May we walk in Beauty!

The Dream Keeper

This one, by Langston Hughes, keeps wrapping itself around my heart these days, keeps wiggling into my brain-space.

Dream Keeper

Gratitude List:

1.  Collaborative art
2.  A fresh novel to read
3.  Free public libraries–what a concept
4.  Words, spoken and sung (today it was Rae Spoon and Ivan Coyote)
5.  Featherbed

May we walk in Beauty!

Rock Star

I am a rock star.  I came down out of the fields today and one of my groupies caught sight of me.  “Book?” she asked.  Another head shot up from behind the compost pile.  “Clook!” she yelled.  And then they were rushing me, “Lookee!  Lookee!  Lookee!”  Little feathery bodies racing toward me, wings akimbo.

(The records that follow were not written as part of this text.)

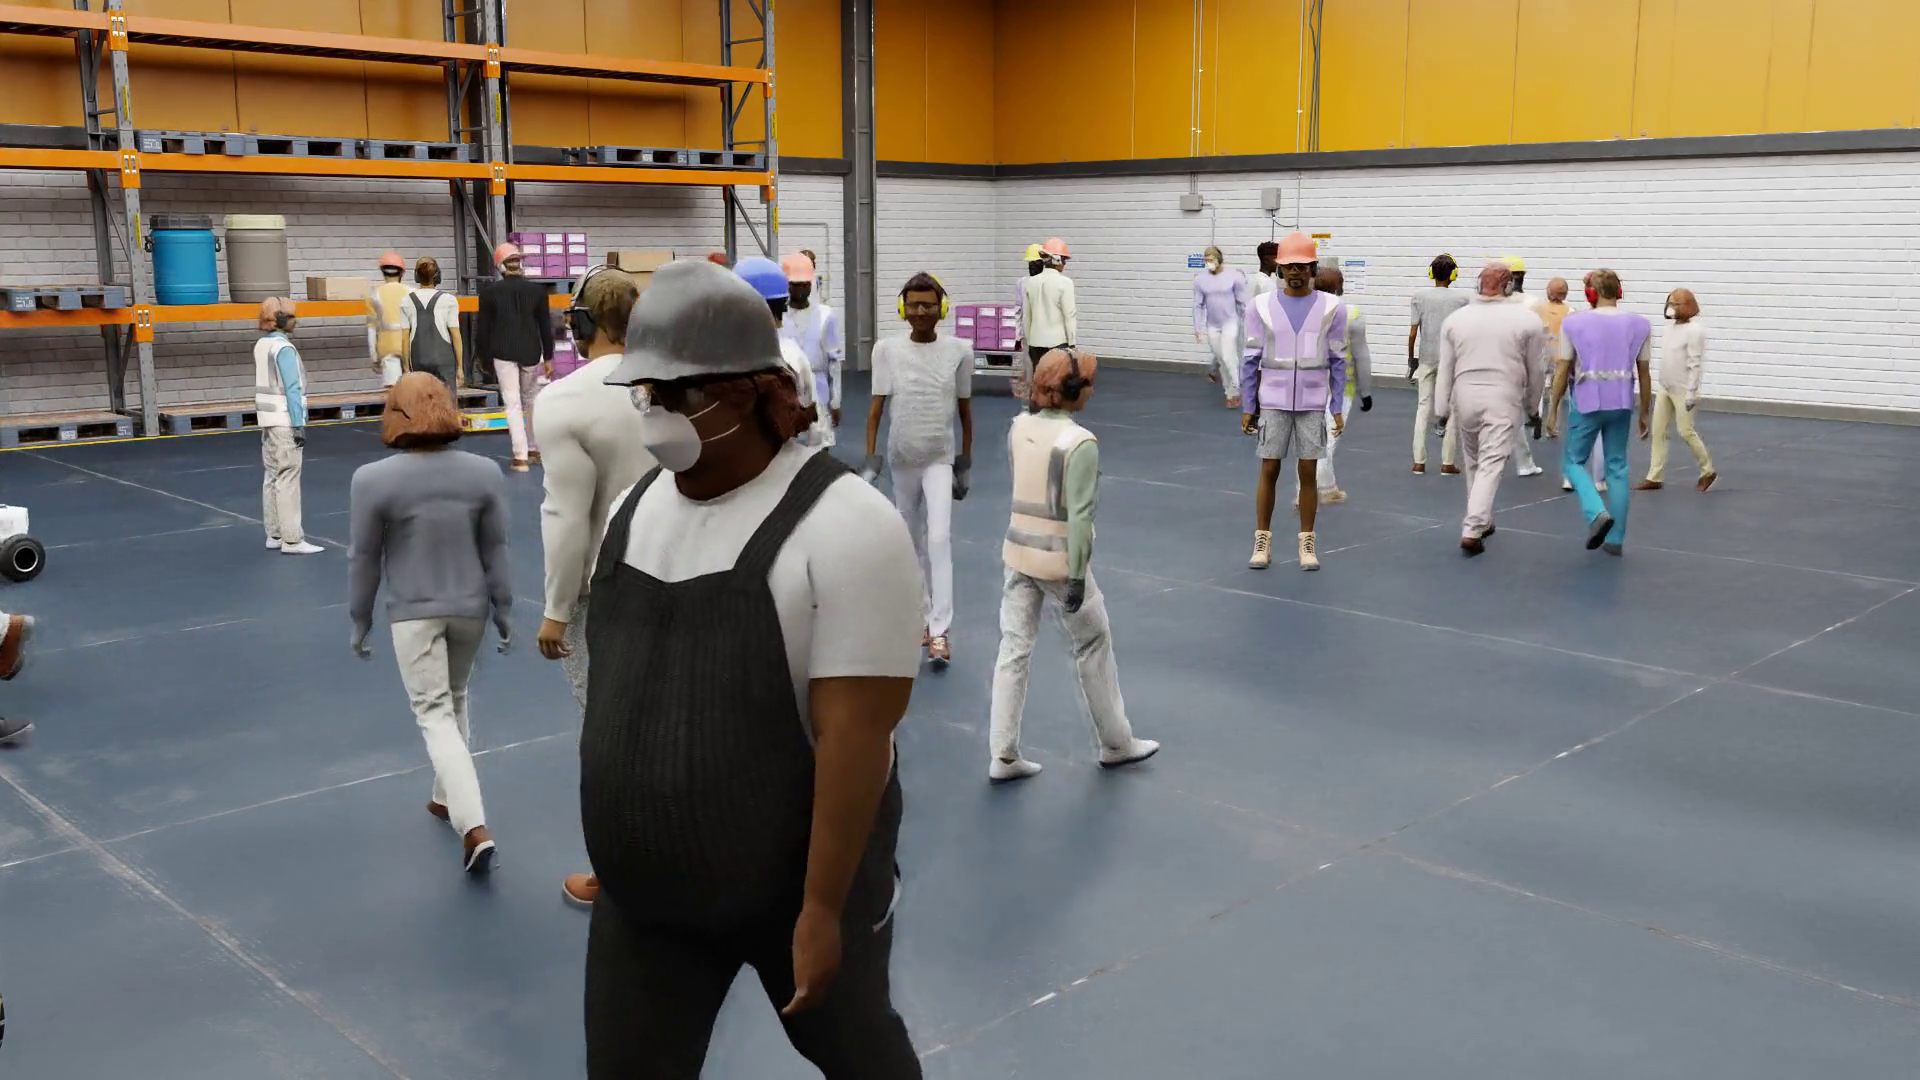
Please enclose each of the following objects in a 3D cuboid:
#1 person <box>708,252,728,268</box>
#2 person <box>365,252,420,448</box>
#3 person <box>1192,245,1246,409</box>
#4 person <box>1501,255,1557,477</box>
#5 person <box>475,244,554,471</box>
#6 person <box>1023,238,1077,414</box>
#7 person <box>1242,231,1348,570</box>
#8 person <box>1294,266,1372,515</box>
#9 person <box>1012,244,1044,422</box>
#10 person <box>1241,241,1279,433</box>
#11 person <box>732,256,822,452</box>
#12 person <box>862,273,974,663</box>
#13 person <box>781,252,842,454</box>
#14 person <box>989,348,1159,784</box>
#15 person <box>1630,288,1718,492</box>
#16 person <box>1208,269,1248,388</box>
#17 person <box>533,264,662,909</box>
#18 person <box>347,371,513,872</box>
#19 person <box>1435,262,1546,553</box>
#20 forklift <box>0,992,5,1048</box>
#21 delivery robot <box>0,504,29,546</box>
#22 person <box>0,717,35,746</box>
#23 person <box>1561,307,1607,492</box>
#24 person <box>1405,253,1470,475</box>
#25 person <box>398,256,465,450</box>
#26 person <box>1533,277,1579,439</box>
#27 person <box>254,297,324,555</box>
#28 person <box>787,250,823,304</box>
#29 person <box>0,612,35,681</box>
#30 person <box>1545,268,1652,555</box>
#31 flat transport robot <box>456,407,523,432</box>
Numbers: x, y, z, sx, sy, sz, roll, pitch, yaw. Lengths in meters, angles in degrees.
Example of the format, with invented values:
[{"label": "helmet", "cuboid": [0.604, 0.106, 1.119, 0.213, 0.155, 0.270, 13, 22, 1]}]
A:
[{"label": "person", "cuboid": [-2.632, -2.184, 18.009, 0.574, 1.851, 0.902, 4, 11, 21]}, {"label": "person", "cuboid": [-5.344, -1.809, 15.905, 0.575, 1.877, 0.923, -5, 11, -24]}, {"label": "person", "cuboid": [3.021, -2.467, 19.344, 0.648, 1.897, 0.591, 7, 13, 34]}, {"label": "person", "cuboid": [4.526, -1.406, 13.707, 1.023, 1.869, 0.617, -7, 13, -34]}, {"label": "person", "cuboid": [-3.923, -1.605, 14.562, 0.609, 1.939, 0.948, -6, 12, -30]}, {"label": "person", "cuboid": [0.889, -1.898, 16.040, 0.608, 1.988, 0.392, 9, 14, 42]}, {"label": "person", "cuboid": [2.010, -0.825, 10.033, 0.616, 2.041, 0.383, 2, 11, 9]}, {"label": "person", "cuboid": [2.671, -1.101, 12.213, 0.631, 1.806, 0.941, 10, 14, 42]}, {"label": "person", "cuboid": [0.839, -2.217, 17.944, 0.589, 1.928, 0.385, 7, 12, 33]}, {"label": "person", "cuboid": [3.111, -2.085, 17.121, 0.367, 1.963, 0.609, -2, 11, -9]}, {"label": "person", "cuboid": [-0.785, -0.188, 6.851, 0.439, 1.932, 0.635, -2, 11, -10]}, {"label": "person", "cuboid": [-0.206, -0.333, 7.918, 0.524, 1.837, 0.878, 1, 10, 5]}, {"label": "person", "cuboid": [-1.070, -0.955, 11.111, 0.549, 1.920, 0.694, -2, 11, -12]}, {"label": "person", "cuboid": [0.412, 0.093, 6.205, 0.778, 1.604, 0.532, -8, 13, -36]}, {"label": "person", "cuboid": [5.690, -1.167, 13.129, 0.531, 1.649, 0.506, -2, 11, -12]}, {"label": "person", "cuboid": [3.622, -2.842, 22.294, 0.507, 1.583, 0.875, -4, 11, -21]}, {"label": "person", "cuboid": [-1.011, 0.151, 4.996, 0.353, 1.937, 0.635, 7, 12, 33]}, {"label": "person", "cuboid": [-1.682, 0.257, 5.398, 0.507, 1.600, 0.834, -8, 13, -36]}, {"label": "person", "cuboid": [3.422, -0.860, 10.762, 0.645, 1.864, 0.990, 8, 13, 36]}, {"label": "forklift", "cuboid": [-3.245, 0.323, 3.363, 2.313, 2.155, 1.214, 2, 11, 13]}, {"label": "delivery robot", "cuboid": [-5.791, -0.050, 9.604, 0.477, 0.478, 0.707, 5, 12, 28]}, {"label": "person", "cuboid": [-4.023, -0.062, 6.507, 0.760, 1.804, 0.627, -4, 11, -22]}, {"label": "person", "cuboid": [5.001, -1.242, 13.104, 0.538, 1.765, 0.352, 9, 14, 40]}, {"label": "person", "cuboid": [4.049, -1.481, 14.085, 0.536, 1.869, 0.314, 5, 11, 23]}, {"label": "person", "cuboid": [-4.433, -1.454, 14.006, 0.505, 1.846, 0.346, -1, 10, -3]}, {"label": "person", "cuboid": [5.828, -1.784, 16.413, 0.518, 1.620, 0.690, 3, 11, 18]}, {"label": "person", "cuboid": [-4.310, -0.724, 10.596, 0.310, 1.636, 0.523, -9, 14, -41]}, {"label": "person", "cuboid": [-1.912, -2.687, 20.740, 0.429, 1.843, 0.631, -7, 12, -33]}, {"label": "person", "cuboid": [-4.499, -0.219, 7.108, 0.753, 1.917, 0.632, -5, 12, -26]}, {"label": "person", "cuboid": [4.052, -0.800, 10.506, 0.674, 1.816, 0.497, 0, 10, 1]}, {"label": "flat transport robot", "cuboid": [-4.743, -1.253, 17.204, 1.431, 0.197, 0.652, -6, 12, -28]}]

If you ever feel down about yourself, get some hens.  You too can be a rock star.

Gratitude List:
1.  The community Potato Pitching Party.  Three and a half tons of potatoes, all de-trucked and sorted and re-packed into waiting pick-ups and cars.  By hand.  Woohoo!
2.  Being a rock star to chickens.  Book!  Clook?
3.  Coconut macaroons, no matter how they look.
4.  Working in the windy fields with spring sunshine slanting down.
5.  Quartzite and shale and the way all the field rocks sparkle and twinkle in the sunlight.

May we walk in beauty!

Equinox

Jet Star

I spent my earliest years in East Africa, just a few degrees south of the wide belt of this big round ball, in a comfortable climate where the sun rose every morning at seven o’clock and set again at seven every evening, all year long.  Our seasons were marked by the coming of rains and their going away again.  The days were often hot, but the evenings brought cool breezes off of Lake Victoria, and roiling Michaelangelo clouds sailed in across the plains from the lake.

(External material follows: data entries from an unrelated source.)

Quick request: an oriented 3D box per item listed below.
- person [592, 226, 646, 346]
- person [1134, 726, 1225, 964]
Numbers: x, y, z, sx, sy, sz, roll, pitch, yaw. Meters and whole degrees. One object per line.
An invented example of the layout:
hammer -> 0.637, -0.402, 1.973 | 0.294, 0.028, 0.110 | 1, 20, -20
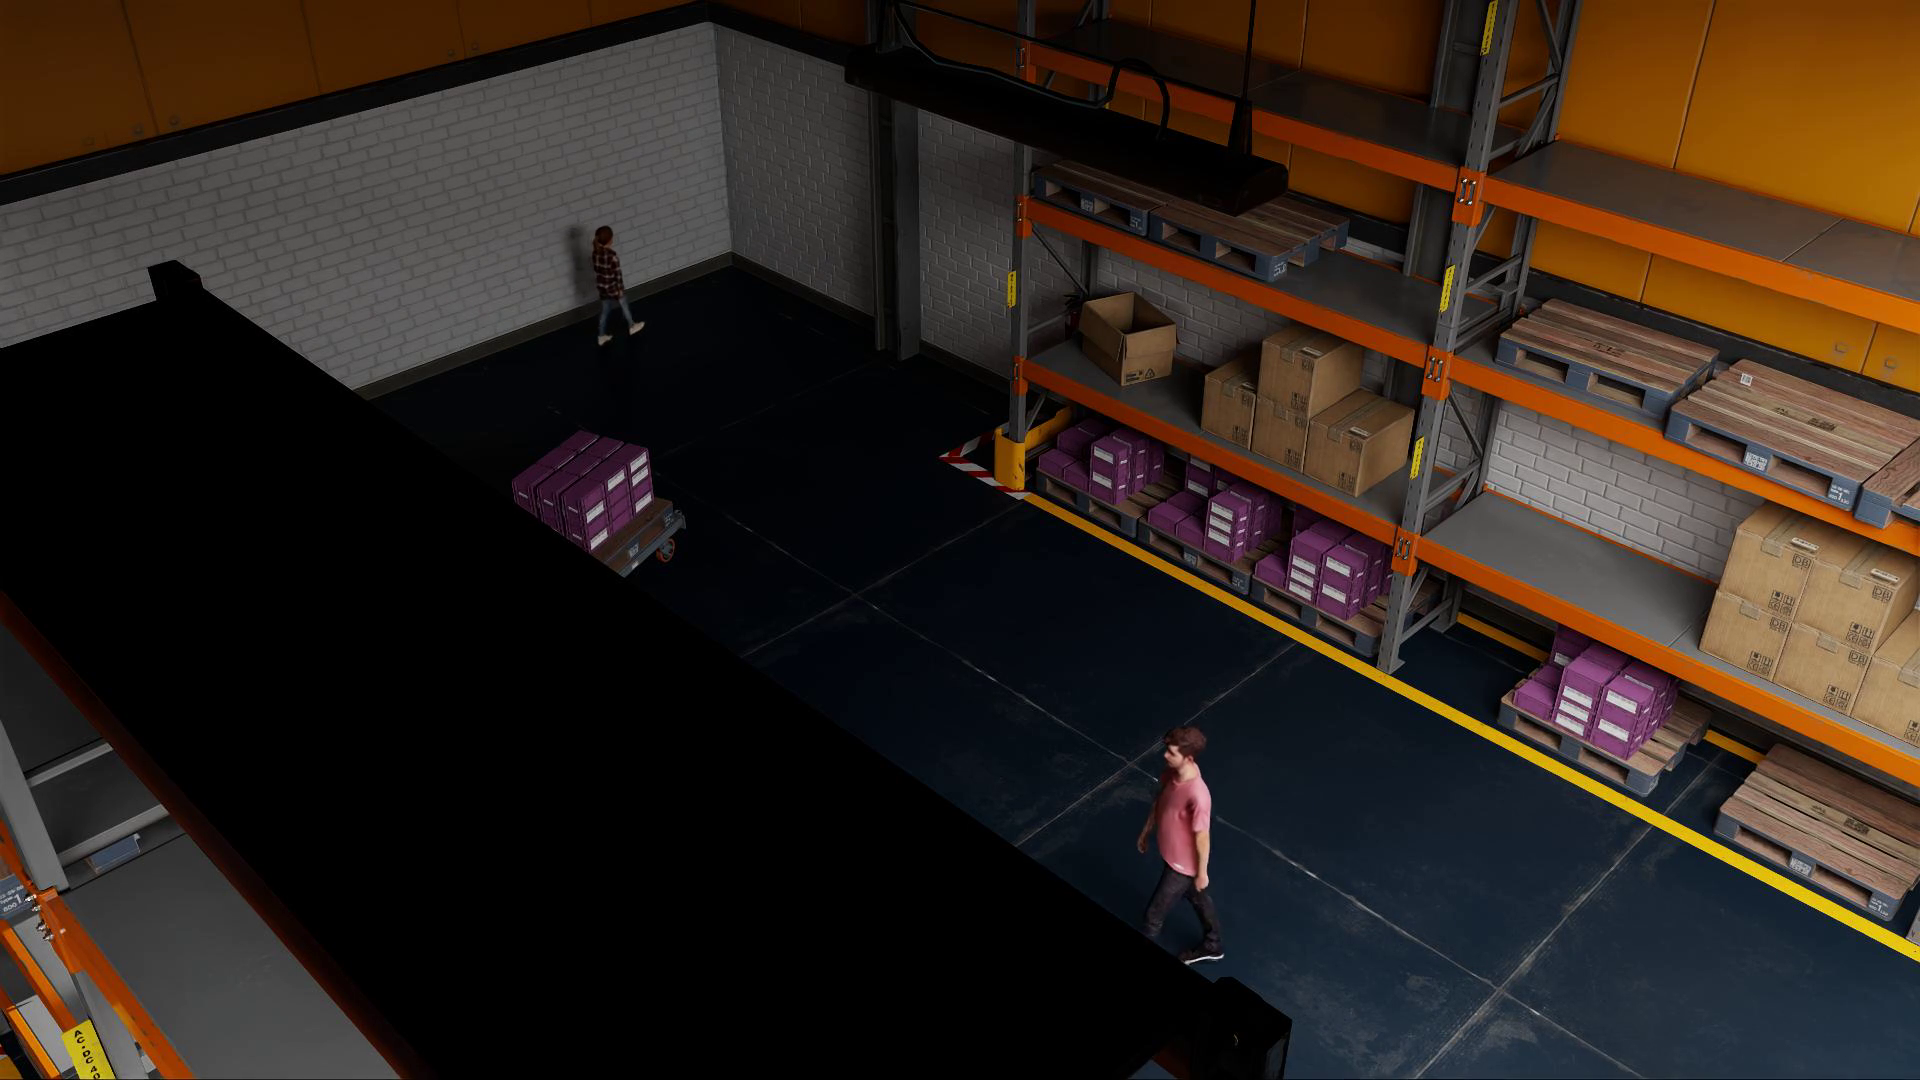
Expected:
person -> -3.706, -2.643, 17.418 | 0.831, 1.280, 0.731 | 18, 38, 25
person -> 1.436, 1.893, 10.026 | 1.117, 1.909, 1.204 | -7, 34, -11

Here, where the sun slips off to the south for a season, where the days get shorter and then longer again, this moment when the day and night reach equilibrium brings me closer to that sense of rightness and balance, though the cold of winter still lingers in my bones.  While I find the cold time, the dark time, still to be a challenge, I have come to love the seasons, to revel in the feel of the shifting, whirling tilting planet we live on, the reassurance that one state of being will inevitably give way to the next.

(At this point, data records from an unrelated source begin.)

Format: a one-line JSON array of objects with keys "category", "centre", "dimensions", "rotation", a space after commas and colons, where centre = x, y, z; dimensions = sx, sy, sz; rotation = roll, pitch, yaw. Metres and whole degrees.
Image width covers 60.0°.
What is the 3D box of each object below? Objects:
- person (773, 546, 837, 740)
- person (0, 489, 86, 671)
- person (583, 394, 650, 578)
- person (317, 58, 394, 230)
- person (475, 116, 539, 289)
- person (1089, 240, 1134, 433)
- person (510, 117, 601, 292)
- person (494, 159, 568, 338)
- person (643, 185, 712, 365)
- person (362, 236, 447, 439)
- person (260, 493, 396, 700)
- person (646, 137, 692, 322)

Tomorrow we come to that place, one of the quarter points we notice in Terra’s dance with Sol.  Equinox.  My head today is full of these complicated E-words: Equinox, Equator, Equilibrium, in-Evitable.  At these equal points of spring and fall, we are ever so much slightly closer to our star than we are on the outward fling of the Solstices.  Do-si-do, Sun.  Swing your partner.  Welcome, Spring, oh welcome, Spring.

Gratitude List:
1. Inevitability and choice
2. Intention and destiny
3. Fate and chance
4. Fortune and opportunity
5. Blueberry pancakes

May we walk in Beauty!

 

 

 

 

Prayer Bundle:  Tonight I am finishing up gathering the items for my bundle.  I don’t have a direct symbolic link for each thing–I included some things because they are shiny or colorful and caught my magpie’s eye.  There is a piece of cloth to wrap it all together, and cord and wire for tying, a broken necklace with sparkly dangles for brightening it up.  I will take pictures tomorrow in a good light, wrap it all up, and then at about quarter to five, I’ll take it outside as the Equinox arrives.  I want it to rest on the earth, to be touched by the fire of the sun, by wind, by rain.  I want all the elements to work on it.  And I’ll place it somewhere where I won’t mow over it six weeks from now, and where it will be safe from curious children.